Additionally, @specre <ULID> tags are automatically and rapidly embedded into the source code via MCP server calls to the specre command. With these tags in place, when implementing or fixing a feature, an agent can run specre trace via MCP to instantly cross-reference spec and source in both directions.

Examples of actual output

The output is basically what you see in the images above, but for more detail please refer to the links below. These point to my fork of Forem.

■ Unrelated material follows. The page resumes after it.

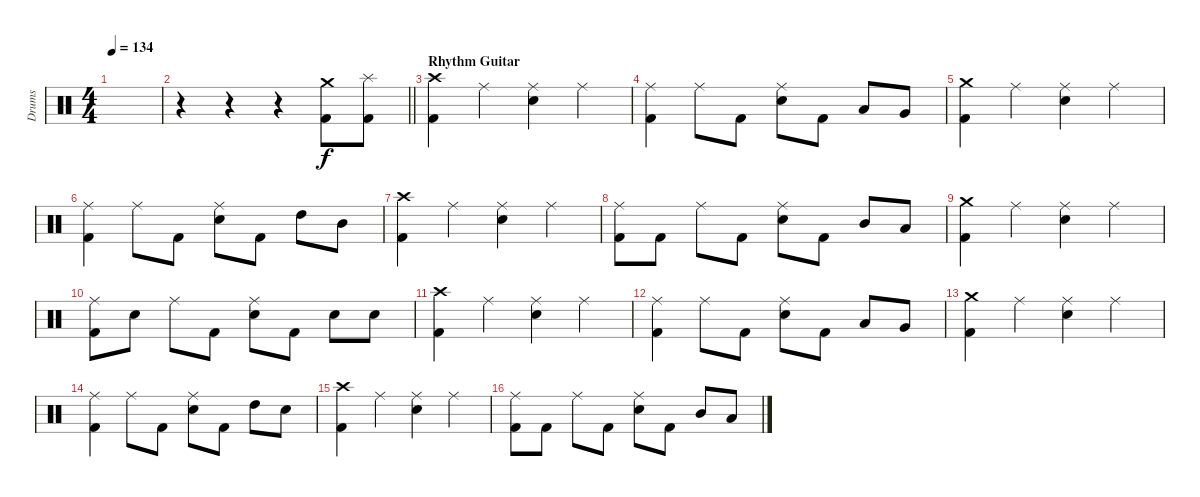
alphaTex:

Note 1: Even if you are using an environment that does not support subagents outside of Claude Code, the workflow should be usable with minor adjustments to the prompt wording.
Note 2: Parser scripts for languages other than Ruby/JS/JSX have not yet been created. See "Challenges" below for details.

3. The power of a network woven from code and specifications

What has actually happened now that specre has been applied to Forem?
Please watch the following videos.

Demo of searching specification card by natural language:

Demo of tracing code intent by natural language:

A revolution for coding agents

The reasoning cost of exploration drops to nearly zero. When asking an agent to fix a bug, the agent follows a path like this:

Human: "Change the spec where XXX does AAA so that it does BBB instead."
Agent: specre search "xxx aaa"
Agent: "Got 8 specre cards. One likely describes this specification. Let me look at it."
Agent: "I fully understand the specification and intent. Now let me investigate the related files..."

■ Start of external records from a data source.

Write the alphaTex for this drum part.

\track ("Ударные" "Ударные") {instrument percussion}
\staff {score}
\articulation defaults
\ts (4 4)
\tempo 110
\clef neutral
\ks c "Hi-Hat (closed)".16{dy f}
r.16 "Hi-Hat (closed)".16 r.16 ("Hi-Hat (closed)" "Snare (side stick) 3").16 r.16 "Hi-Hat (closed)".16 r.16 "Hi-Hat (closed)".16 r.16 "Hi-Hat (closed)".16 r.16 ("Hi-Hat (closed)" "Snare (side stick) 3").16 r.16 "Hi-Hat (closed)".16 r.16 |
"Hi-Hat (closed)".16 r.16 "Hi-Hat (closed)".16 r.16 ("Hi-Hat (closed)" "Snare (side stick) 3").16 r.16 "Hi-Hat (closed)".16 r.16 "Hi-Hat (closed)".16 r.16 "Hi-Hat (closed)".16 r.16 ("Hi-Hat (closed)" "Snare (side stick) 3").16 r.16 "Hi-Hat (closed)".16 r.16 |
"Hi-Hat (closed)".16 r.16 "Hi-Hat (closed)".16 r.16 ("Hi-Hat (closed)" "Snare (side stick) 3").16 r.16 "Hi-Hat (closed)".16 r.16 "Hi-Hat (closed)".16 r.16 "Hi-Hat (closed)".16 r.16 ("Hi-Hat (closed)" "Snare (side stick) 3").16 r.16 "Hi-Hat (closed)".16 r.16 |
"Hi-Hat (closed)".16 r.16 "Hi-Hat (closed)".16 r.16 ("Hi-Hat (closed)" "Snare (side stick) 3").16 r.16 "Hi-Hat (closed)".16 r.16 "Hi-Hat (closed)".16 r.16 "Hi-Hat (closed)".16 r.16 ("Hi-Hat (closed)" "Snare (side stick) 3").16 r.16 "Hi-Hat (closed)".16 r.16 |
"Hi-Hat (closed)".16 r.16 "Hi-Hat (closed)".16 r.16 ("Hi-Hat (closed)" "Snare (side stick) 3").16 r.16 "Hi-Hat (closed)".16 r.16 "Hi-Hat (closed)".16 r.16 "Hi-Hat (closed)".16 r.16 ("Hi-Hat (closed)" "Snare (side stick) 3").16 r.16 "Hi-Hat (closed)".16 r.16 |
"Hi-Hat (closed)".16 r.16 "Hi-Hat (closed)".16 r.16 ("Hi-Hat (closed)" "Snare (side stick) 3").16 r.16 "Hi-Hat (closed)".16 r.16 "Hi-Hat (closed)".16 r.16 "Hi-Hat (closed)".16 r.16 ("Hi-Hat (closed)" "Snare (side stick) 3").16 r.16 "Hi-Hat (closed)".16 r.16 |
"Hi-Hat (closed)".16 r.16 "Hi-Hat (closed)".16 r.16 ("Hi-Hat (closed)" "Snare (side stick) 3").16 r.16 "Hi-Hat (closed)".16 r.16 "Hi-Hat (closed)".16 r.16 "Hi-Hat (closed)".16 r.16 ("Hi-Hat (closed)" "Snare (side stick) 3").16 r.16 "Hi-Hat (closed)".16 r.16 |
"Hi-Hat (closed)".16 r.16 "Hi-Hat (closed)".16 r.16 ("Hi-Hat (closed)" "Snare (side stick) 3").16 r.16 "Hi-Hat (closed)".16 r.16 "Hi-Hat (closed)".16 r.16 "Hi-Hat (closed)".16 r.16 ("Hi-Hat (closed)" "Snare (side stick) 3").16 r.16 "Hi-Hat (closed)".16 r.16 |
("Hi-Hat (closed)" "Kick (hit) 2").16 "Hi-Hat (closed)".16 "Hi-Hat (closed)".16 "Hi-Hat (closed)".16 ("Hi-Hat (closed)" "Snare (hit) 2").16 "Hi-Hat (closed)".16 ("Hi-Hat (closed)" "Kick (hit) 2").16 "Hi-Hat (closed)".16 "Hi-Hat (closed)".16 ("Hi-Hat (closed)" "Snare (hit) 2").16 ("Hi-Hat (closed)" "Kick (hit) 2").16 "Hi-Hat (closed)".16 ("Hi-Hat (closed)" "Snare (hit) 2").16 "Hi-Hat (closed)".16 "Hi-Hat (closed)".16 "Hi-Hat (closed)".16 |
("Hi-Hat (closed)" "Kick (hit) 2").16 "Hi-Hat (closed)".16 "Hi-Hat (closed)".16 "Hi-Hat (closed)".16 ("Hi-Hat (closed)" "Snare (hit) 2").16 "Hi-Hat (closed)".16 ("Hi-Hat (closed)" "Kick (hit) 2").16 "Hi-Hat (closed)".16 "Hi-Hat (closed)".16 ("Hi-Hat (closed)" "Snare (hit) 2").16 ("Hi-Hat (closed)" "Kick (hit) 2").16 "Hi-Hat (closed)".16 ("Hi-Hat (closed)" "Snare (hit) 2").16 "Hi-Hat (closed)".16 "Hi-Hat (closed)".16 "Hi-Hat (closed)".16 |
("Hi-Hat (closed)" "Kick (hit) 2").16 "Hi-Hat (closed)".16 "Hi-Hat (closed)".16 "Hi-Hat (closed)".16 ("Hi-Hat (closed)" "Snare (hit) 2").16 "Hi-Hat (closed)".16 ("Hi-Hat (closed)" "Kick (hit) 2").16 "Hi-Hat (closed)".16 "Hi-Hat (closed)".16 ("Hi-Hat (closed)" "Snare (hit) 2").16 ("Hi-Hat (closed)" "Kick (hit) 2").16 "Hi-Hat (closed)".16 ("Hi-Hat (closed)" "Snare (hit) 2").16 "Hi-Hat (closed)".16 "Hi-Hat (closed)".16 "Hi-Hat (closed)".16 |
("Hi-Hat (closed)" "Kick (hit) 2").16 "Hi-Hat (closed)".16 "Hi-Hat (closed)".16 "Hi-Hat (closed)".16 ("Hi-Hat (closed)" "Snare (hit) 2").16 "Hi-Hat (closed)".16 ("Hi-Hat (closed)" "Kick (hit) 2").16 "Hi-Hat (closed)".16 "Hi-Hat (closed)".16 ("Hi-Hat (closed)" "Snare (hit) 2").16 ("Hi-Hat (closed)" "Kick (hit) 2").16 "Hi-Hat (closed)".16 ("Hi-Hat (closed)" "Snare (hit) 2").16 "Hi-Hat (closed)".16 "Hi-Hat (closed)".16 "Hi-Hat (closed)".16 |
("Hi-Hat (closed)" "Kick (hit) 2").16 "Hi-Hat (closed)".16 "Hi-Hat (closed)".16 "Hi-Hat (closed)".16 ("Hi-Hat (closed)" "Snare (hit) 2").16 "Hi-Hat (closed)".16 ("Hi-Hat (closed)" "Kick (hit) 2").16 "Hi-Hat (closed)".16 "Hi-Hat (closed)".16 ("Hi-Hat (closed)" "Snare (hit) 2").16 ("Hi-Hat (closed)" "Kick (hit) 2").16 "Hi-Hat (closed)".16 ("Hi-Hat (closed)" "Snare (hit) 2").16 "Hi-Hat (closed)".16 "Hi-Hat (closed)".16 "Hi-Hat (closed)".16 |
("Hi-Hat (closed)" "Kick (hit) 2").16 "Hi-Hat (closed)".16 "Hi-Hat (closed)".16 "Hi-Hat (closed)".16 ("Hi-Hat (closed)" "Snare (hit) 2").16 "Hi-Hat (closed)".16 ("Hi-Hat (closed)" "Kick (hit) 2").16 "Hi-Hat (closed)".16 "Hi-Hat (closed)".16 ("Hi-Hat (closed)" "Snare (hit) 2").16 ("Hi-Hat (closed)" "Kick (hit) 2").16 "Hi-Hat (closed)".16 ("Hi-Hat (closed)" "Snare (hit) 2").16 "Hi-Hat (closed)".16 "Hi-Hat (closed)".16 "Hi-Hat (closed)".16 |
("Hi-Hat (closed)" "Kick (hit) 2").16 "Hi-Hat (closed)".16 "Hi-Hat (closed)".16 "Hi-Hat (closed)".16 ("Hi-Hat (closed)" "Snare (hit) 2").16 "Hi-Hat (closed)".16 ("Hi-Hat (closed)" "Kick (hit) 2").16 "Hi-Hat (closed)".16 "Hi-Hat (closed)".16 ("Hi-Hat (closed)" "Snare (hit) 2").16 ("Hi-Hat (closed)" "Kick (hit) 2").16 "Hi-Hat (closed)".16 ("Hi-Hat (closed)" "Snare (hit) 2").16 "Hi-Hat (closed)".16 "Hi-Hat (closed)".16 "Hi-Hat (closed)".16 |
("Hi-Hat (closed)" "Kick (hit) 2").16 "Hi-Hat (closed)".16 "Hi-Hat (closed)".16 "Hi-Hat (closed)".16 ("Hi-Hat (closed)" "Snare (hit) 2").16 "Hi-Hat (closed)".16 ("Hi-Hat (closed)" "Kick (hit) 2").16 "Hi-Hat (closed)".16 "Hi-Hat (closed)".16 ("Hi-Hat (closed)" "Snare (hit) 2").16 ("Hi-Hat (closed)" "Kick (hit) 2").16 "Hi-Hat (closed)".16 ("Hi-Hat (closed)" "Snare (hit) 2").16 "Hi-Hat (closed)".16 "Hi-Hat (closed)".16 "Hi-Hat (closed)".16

From there, 5–6 reads are enough to form a rough plan for fixing the feature.
In my experience, when an existing spec is available, the total number of commands the agent issues before forming a fix plan is around 10–15.

What makes this groundbreaking? A coding agent normally moves in the order: broad exploration → grasp behavior and spec → grasp intent. With specre, the order becomes: grasp intent and behavior simultaneously → read related files to "confirm." That reversal dramatically reduces the agent's reasoning cost.

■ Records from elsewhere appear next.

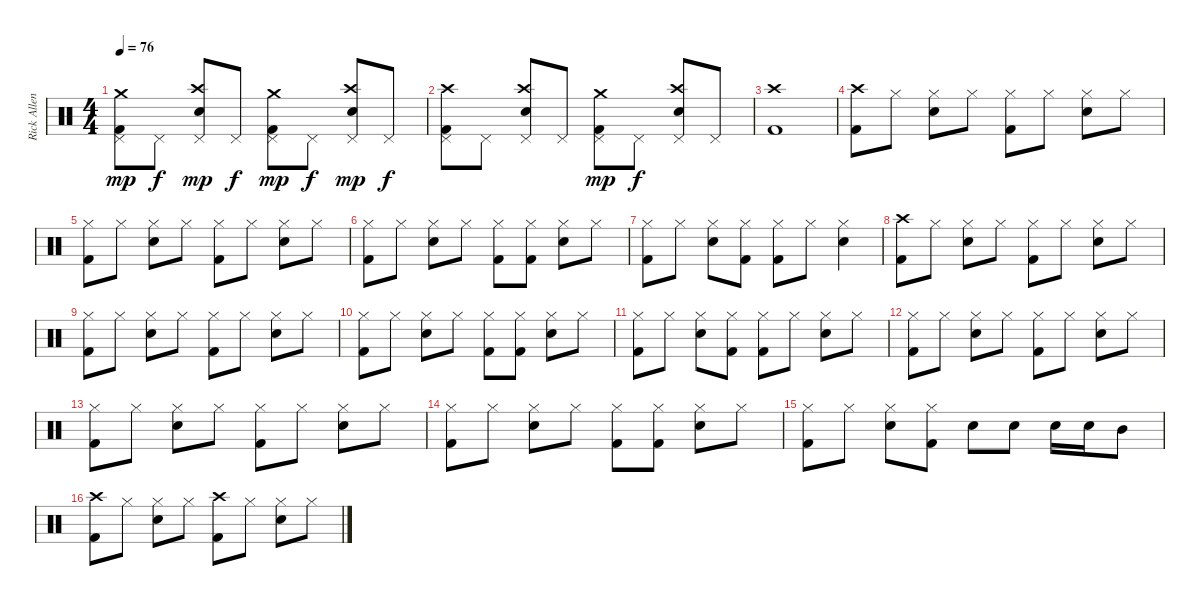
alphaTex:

\track ("Rick Allen" "Rick Allen") {instrument percussion}
\staff {score}
\articulation defaults
\ts (4 4)
\tempo 76
\clef neutral
\ks c
("Crash medium (hit)" "Pedal Hi-Hat (hit)" "Kick (hit) 2").8{dy mp} "Pedal Hi-Hat (hit)".8{dy f} ("Crash high (hit)" "Pedal Hi-Hat (hit)" "Snare (hit) 2").8{dy mp} "Pedal Hi-Hat (hit)".8{dy f} ("Crash medium (hit)" "Pedal Hi-Hat (hit)" "Kick (hit) 2").8{dy mp} "Pedal Hi-Hat (hit)".8{dy f} ("Crash high (hit)" "Pedal Hi-Hat (hit)" "Snare (hit) 2").8{dy mp} "Pedal Hi-Hat (hit)".8{dy f} |
("Crash high (hit)" "Pedal Hi-Hat (hit)" "Kick (hit) 2").8 "Pedal Hi-Hat (hit)".8 ("Crash high (hit)" "Pedal Hi-Hat (hit)" "Snare (hit) 2").8 "Pedal Hi-Hat (hit)".8 ("Crash medium (hit)" "Pedal Hi-Hat (hit)" "Kick (hit) 2").8{dy mp} "Pedal Hi-Hat (hit)".8{dy f} ("Crash high (hit)" "Pedal Hi-Hat (hit)" "Snare (hit) 2").8 "Pedal Hi-Hat (hit)".8 |
("Crash high (hit)" "Kick (hit) 2").1 |
("Crash high (hit)" "Kick (hit) 2").8 "Hi-Hat (closed)".8 ("Hi-Hat (closed)" "Snare (hit) 2").8 "Hi-Hat (closed)".8 ("Hi-Hat (closed)" "Kick (hit) 2").8 "Hi-Hat (closed)".8 ("Hi-Hat (closed)" "Snare (hit) 2").8 "Hi-Hat (closed)".8 |
("Hi-Hat (closed)" "Kick (hit) 2").8 "Hi-Hat (closed)".8 ("Hi-Hat (closed)" "Snare (hit) 2").8 "Hi-Hat (closed)".8 ("Hi-Hat (closed)" "Kick (hit) 2").8 "Hi-Hat (closed)".8 ("Hi-Hat (closed)" "Snare (hit) 2").8 "Hi-Hat (closed)".8 |
("Hi-Hat (closed)" "Kick (hit) 2").8 "Hi-Hat (closed)".8 ("Hi-Hat (closed)" "Snare (hit) 2").8 "Hi-Hat (closed)".8 ("Hi-Hat (closed)" "Kick (hit) 2").8 ("Hi-Hat (closed)" "Kick (hit) 2").8 ("Hi-Hat (closed)" "Snare (hit) 2").8 "Hi-Hat (closed)".8 |
("Hi-Hat (closed)" "Kick (hit) 2").8 "Hi-Hat (closed)".8 ("Hi-Hat (closed)" "Snare (hit) 2").8 ("Hi-Hat (closed)" "Kick (hit) 2").8 ("Hi-Hat (closed)" "Kick (hit) 2").8 "Hi-Hat (closed)".8 ("Hi-Hat (closed)" "Snare (hit) 2").4 |
("Crash high (hit)" "Kick (hit) 2").8 "Hi-Hat (closed)".8 ("Hi-Hat (closed)" "Snare (hit) 2").8 "Hi-Hat (closed)".8 ("Hi-Hat (closed)" "Kick (hit) 2").8 "Hi-Hat (closed)".8 ("Hi-Hat (closed)" "Snare (hit) 2").8 "Hi-Hat (closed)".8 |
("Hi-Hat (closed)" "Kick (hit) 2").8 "Hi-Hat (closed)".8 ("Hi-Hat (closed)" "Snare (hit) 2").8 "Hi-Hat (closed)".8 ("Hi-Hat (closed)" "Kick (hit) 2").8 "Hi-Hat (closed)".8 ("Hi-Hat (closed)" "Snare (hit) 2").8 "Hi-Hat (closed)".8 |
("Hi-Hat (closed)" "Kick (hit) 2").8 "Hi-Hat (closed)".8 ("Hi-Hat (closed)" "Snare (hit) 2").8 "Hi-Hat (closed)".8 ("Hi-Hat (closed)" "Kick (hit) 2").8 ("Hi-Hat (closed)" "Kick (hit) 2").8 ("Hi-Hat (closed)" "Snare (hit) 2").8 "Hi-Hat (closed)".8 |
("Hi-Hat (closed)" "Kick (hit) 2").8 "Hi-Hat (closed)".8 ("Hi-Hat (closed)" "Snare (hit) 2").8 ("Hi-Hat (closed)" "Kick (hit) 2").8 ("Hi-Hat (closed)" "Kick (hit) 2").8 "Hi-Hat (closed)".8 ("Hi-Hat (closed)" "Snare (hit) 2").8 "Hi-Hat (closed)".8 |
("Hi-Hat (closed)" "Kick (hit) 2").8 "Hi-Hat (closed)".8 ("Hi-Hat (closed)" "Snare (hit) 2").8 "Hi-Hat (closed)".8 ("Hi-Hat (closed)" "Kick (hit) 2").8 "Hi-Hat (closed)".8 ("Hi-Hat (closed)" "Snare (hit) 2").8 "Hi-Hat (closed)".8 |
("Hi-Hat (closed)" "Kick (hit) 2").8 "Hi-Hat (closed)".8 ("Hi-Hat (closed)" "Snare (hit) 2").8 "Hi-Hat (closed)".8 ("Hi-Hat (closed)" "Kick (hit) 2").8 "Hi-Hat (closed)".8 ("Hi-Hat (closed)" "Snare (hit) 2").8 "Hi-Hat (closed)".8 |
("Hi-Hat (closed)" "Kick (hit) 2").8 "Hi-Hat (closed)".8 ("Hi-Hat (closed)" "Snare (hit) 2").8 "Hi-Hat (closed)".8 ("Hi-Hat (closed)" "Kick (hit) 2").8 ("Hi-Hat (closed)" "Kick (hit) 2").8 ("Hi-Hat (closed)" "Snare (hit) 2").8 "Hi-Hat (closed)".8 |
("Hi-Hat (closed)" "Kick (hit) 2").8 "Hi-Hat (closed)".8 ("Hi-Hat (closed)" "Snare (hit) 2").8 ("Hi-Hat (closed)" "Kick (hit) 2").8 "Snare (hit) 2".8 "Snare (hit) 2".8 "Snare (hit) 2".16 "Snare (hit) 2".16 "Mid Tom (hit)".8 |
("Crash high (hit)" "Kick (hit) 2").8 "Hi-Hat (closed)".8 ("Hi-Hat (closed)" "Snare (hit) 2").8 "Hi-Hat (closed)".8 ("Crash high (hit)" "Kick (hit) 2").8 "Hi-Hat (closed)".8 ("Hi-Hat (closed)" "Snare (hit) 2").8 "Hi-Hat (closed)".8

The importance of a deterministic approach

Another important point is that these processes are deterministic rather than probabilistic. If the related files for an atomic specification have been verified, then exploration to second- and third-order nodes is also deterministic. It's on the specre roadmap, but the Rust CLI will be able to instantly answer questions like "what is the potential blast radius of this change?"

Existing AI agents, when fixing bugs, gather likely-related files through grep or vector search — probabilistically, by guess — and as a result they sometimes break unrelated files or miss critical dependencies. With specre's ULID tags, however, an agent can deterministically identify the scope of impact of any change.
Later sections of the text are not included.